[Dataset — start]
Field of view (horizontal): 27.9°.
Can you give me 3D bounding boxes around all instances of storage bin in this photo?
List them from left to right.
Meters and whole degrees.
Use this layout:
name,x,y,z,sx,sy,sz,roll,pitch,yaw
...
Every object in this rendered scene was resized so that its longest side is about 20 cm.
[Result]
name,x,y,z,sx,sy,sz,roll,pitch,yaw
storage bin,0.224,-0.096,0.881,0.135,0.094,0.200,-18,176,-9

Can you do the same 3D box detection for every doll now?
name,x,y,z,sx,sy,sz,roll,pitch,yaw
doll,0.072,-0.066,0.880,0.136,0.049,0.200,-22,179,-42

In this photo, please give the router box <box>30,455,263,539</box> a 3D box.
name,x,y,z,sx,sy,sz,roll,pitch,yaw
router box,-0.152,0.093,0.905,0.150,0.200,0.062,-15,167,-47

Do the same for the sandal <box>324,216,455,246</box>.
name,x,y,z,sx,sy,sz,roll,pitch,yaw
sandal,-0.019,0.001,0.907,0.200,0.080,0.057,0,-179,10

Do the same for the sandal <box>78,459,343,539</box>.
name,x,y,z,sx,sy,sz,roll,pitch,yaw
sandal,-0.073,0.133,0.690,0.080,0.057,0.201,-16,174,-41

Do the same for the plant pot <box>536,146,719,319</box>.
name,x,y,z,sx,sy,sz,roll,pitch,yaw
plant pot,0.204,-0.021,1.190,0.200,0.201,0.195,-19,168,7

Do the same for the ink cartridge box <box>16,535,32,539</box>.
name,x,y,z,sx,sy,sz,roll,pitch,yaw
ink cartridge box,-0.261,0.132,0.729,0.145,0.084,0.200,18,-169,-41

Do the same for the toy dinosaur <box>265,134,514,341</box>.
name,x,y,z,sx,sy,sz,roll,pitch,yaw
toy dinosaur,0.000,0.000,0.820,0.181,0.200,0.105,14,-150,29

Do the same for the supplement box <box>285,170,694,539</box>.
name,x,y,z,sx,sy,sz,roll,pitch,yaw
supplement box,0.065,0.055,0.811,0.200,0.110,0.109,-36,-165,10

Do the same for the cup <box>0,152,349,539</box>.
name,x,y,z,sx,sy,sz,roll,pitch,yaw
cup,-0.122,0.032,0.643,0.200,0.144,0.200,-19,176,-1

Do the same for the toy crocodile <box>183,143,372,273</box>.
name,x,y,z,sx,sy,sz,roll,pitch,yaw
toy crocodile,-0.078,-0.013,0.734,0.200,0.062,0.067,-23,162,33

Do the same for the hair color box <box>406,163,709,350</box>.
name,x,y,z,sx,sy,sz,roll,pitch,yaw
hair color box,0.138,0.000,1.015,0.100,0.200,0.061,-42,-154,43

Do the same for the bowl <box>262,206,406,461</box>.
[Dataset — finish]
* Required work *
Could you print the lines above, exactly as written, from the line containing "Do the same for the hair" through the final one?

* Solved exercise *
Do the same for the hair color box <box>406,163,709,350</box>.
name,x,y,z,sx,sy,sz,roll,pitch,yaw
hair color box,0.138,0.000,1.015,0.100,0.200,0.061,-42,-154,43

Do the same for the bowl <box>262,206,406,461</box>.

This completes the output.